To start the application:

```
make up
```

This will start the OpenECPDS master, monitor, mover, and database services.

It might take a few seconds for all the services to start. Once they are up, you can access the following URLs (please update them if you changed the configuration in the compose files):

>**Warning:** Certificate validation should be disabled when relevant, as the test environment uses a self-signed certificate.

| Interface | URL | Login Details |
|-----------------------|--------------------------------------------------|-----------------------|
| Monitoring | [https://127.0.0.1:3443](https://127.0.0.1:3443) | admin/admin2021 |
| Data Portal | [https://127.0.0.1:4443](https://127.0.0.1:4443) | test/test2021 |
| | [ftp://127.0.0.1:4021](ftp://127.0.0.1:4021) | test/test2021 |
| MQTT Broker | [mqtt://127.0.0.1:4883](mqtt://127.0.0.1:4883) | test/test2021 |
| Virtual FTP Server | [ftp://127.0.0.1:2021](ftp://127.0.0.1:2021) | admin/admin2021 |
| JMX Interfaces | [http://127.0.0.1:2062](http://127.0.0.1:2062) | master/admin |
| | [http://127.0.0.1:3062](http://127.0.0.1:3062) | monitor/admin |
| | [http://127.0.0.1:4062](http://127.0.0.1:4062) | mover/admin |

#### Checking the Containers and Logs

To verify that the containers are running, use:

```
make ps
```

To view the standard output (stdout) and standard error (stderr) streams generated by the containers, use:

```
make logs
```

To view the logs generated by OpenECPDS, you can browse the following directories mounted to the containers:

```
run/var/log/ecpds/master
run/var/log/ecpds/monitor
run/var/log/ecpds/mover
```

#### Additional Makefile Options

To log in to the database:

```
make mysql
```

To log in to the master container (use the same for monitor, mover, and database):

```
make connect container=master
```

#### Stopping OpenECPDS

To stop the application, run:

```
make down
```

To clean the logs and data:

```
make clean
```

## Deployment

If you have successfully built the OpenECPDS containers and enabled Kubernetes in Docker, navigate to the following directory where a [Makefile](deploy/kubernetes/Makefile) is available:

```
cd deploy/kubernetes
```

To convert the [docker-compose.yml](deploy/kubernetes/docker-compose.yml) file into Kubernetes YAML files in the `k8s-configs` directory and start the pods, run:

```
make build
```

If successful, use the following command to get the port mappings needed to connect from outside the cluster:

```
make ports
```

If the default port for the monitoring interface has not been updated in the `docker-compose.yml` file, you can find the external port by checking the redirection for port 3443, for example:

3443 -> 32034/TCP

You can then use your browser to access the monitoring interface at:

https://127.0.0.1:32034

To get the YAML files for all pods, PVs, and PVCs (you can redirect the output to capture the full configuration), run:

```
make yaml
```

To delete all Kubernetes resources and stop the pods:

```
make delete
```

## Support Materials

You can access the Javadoc API documentation for OpenECPDS at the following link: [Javadocs](https://ecmwf.github.io/open-ecpds/apidocs/).
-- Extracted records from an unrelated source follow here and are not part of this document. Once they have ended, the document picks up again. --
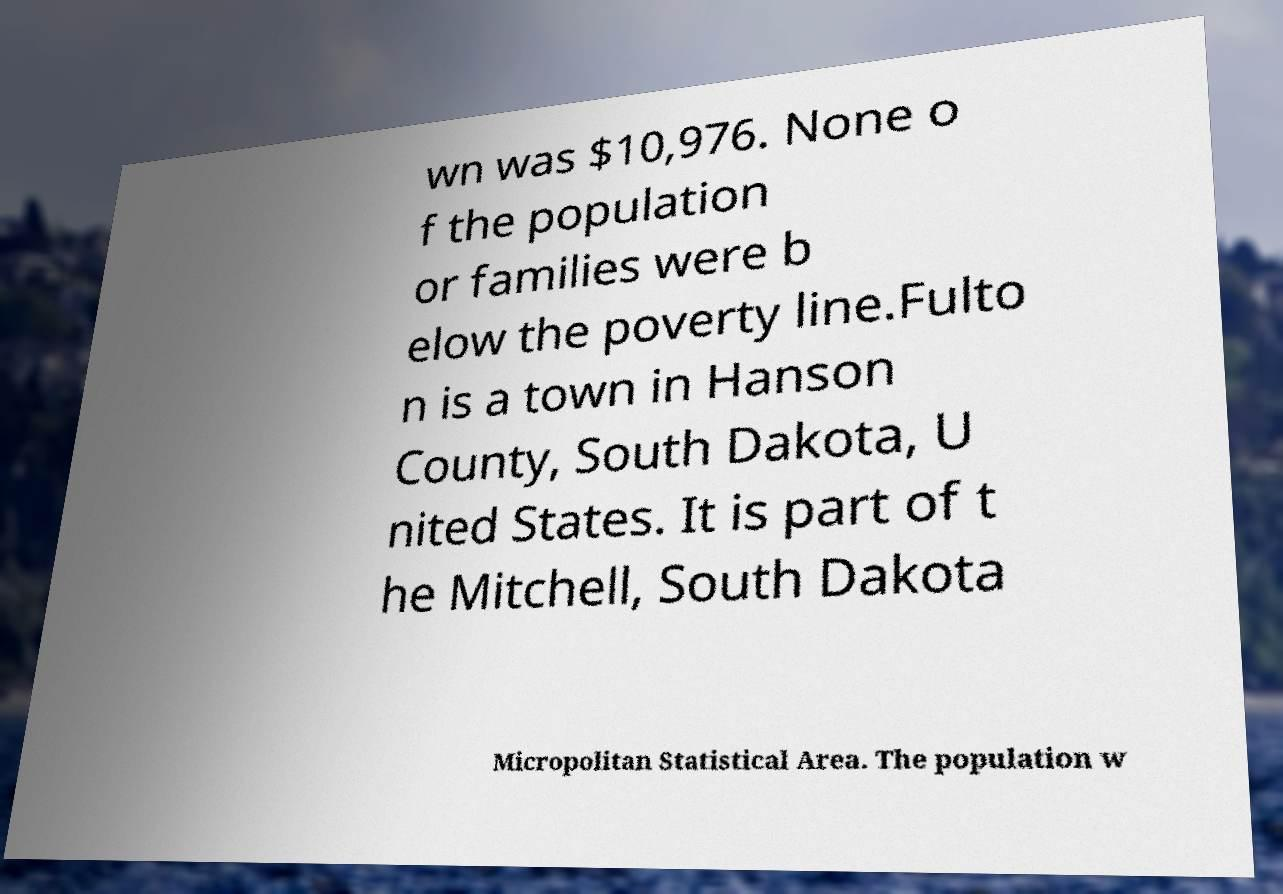Could you extract and type out the text from this image? wn was $10,976. None o f the population or families were b elow the poverty line.Fulto n is a town in Hanson County, South Dakota, U nited States. It is part of t he Mitchell, South Dakota Micropolitan Statistical Area. The population w 
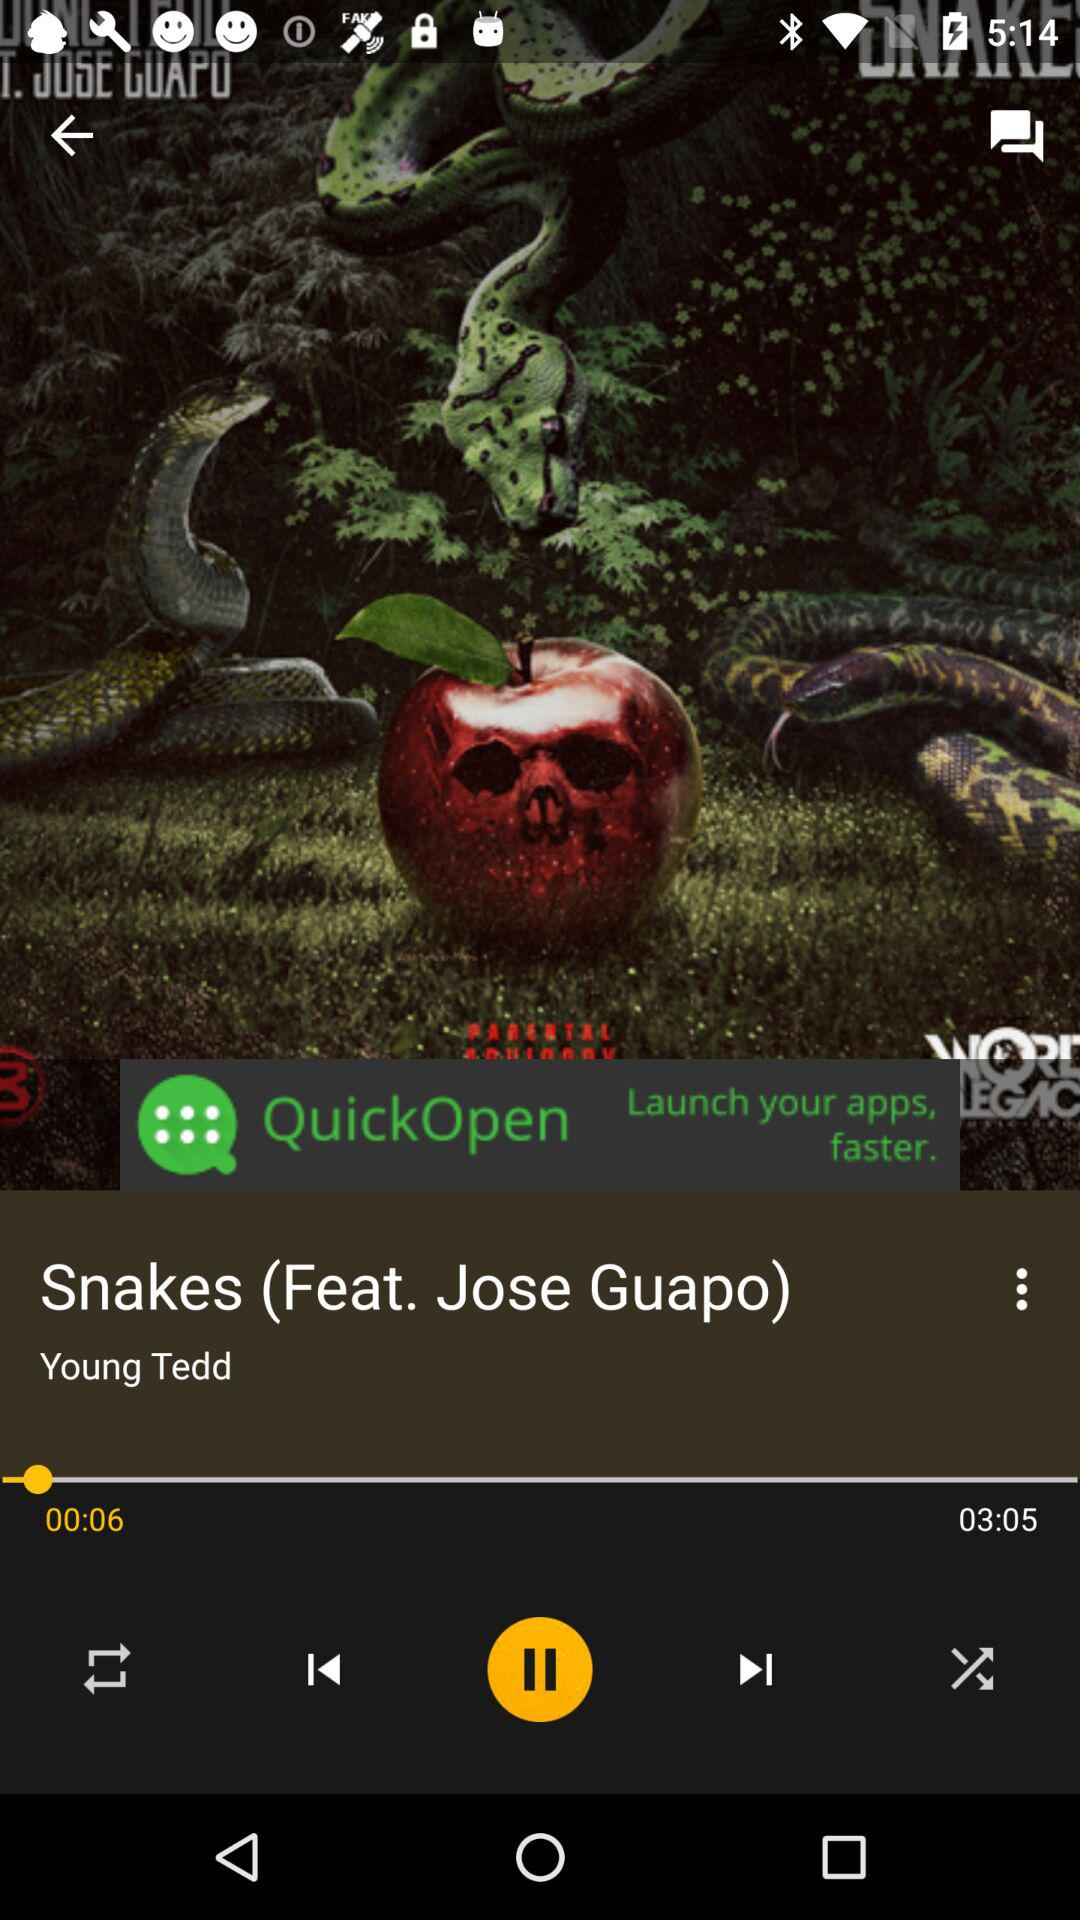For how long has the song been played? The song has been played for 6 seconds. 
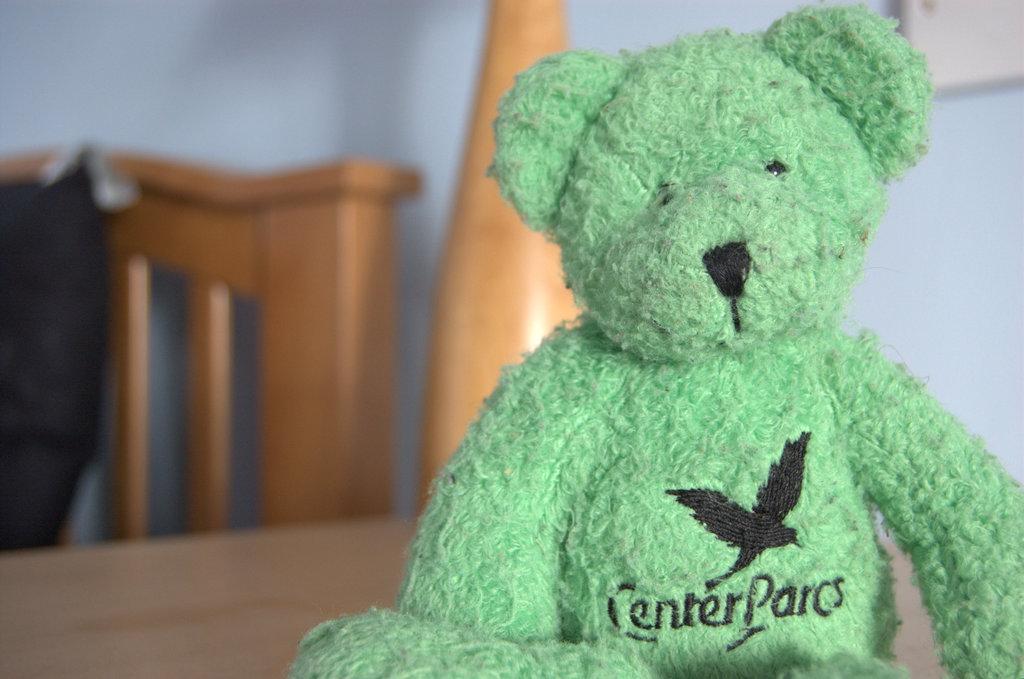Could you give a brief overview of what you see in this image? In this picture we can see a teddy on the surface. Behind the teddy, it looks like a chair and there are some objects and a wall. 
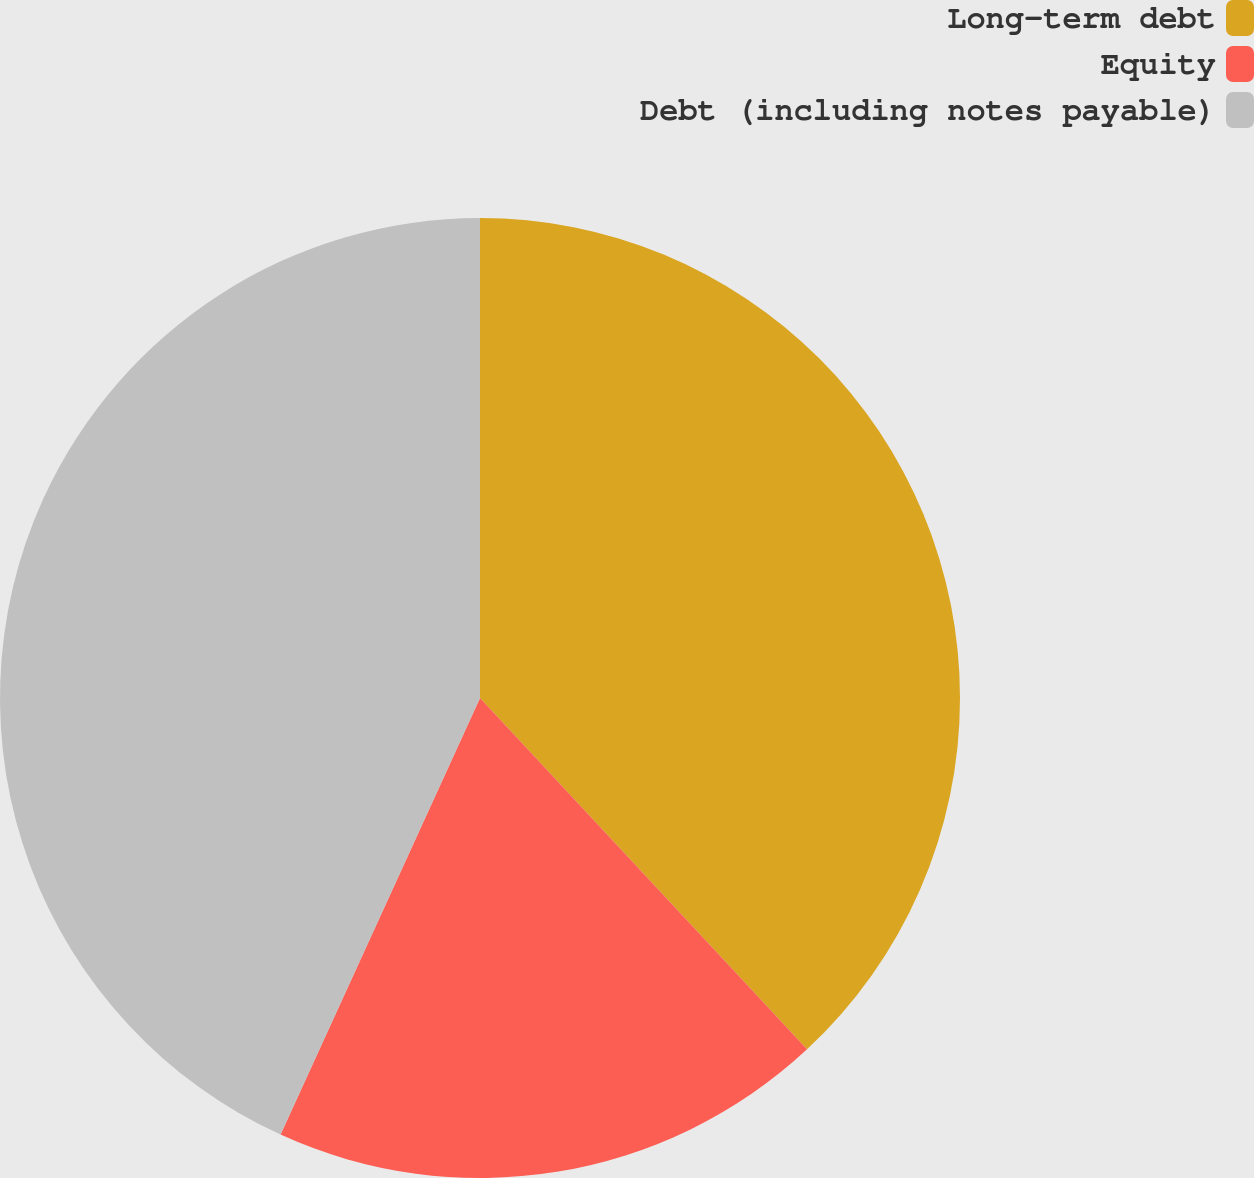Convert chart. <chart><loc_0><loc_0><loc_500><loc_500><pie_chart><fcel>Long-term debt<fcel>Equity<fcel>Debt (including notes payable)<nl><fcel>38.07%<fcel>18.75%<fcel>43.18%<nl></chart> 
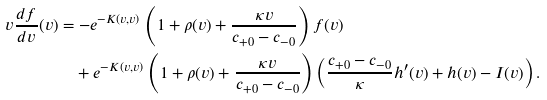<formula> <loc_0><loc_0><loc_500><loc_500>v \frac { d f } { d v } ( v ) & = - e ^ { - K ( v , v ) } \left ( 1 + \rho ( v ) + \frac { \kappa v } { c _ { + 0 } - c _ { - 0 } } \right ) f ( v ) \\ & \quad + e ^ { - K ( v , v ) } \left ( 1 + \rho ( v ) + \frac { \kappa v } { c _ { + 0 } - c _ { - 0 } } \right ) \left ( \frac { c _ { + 0 } - c _ { - 0 } } { \kappa } h ^ { \prime } ( v ) + h ( v ) - I ( v ) \right ) .</formula> 
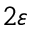Convert formula to latex. <formula><loc_0><loc_0><loc_500><loc_500>2 \varepsilon</formula>

This comprehensive documentation provides detailed information about the classes, methods, and functionalities available, serving as a valuable resource for developers.

Additionally, you can find the OpenECPDS options for various editors at this link: [OpenECPDS Options](Options.md). This documentation outlines the configurable options available in the OpenECPDS editors, helping users to customize their experience and optimize their workflow effectively.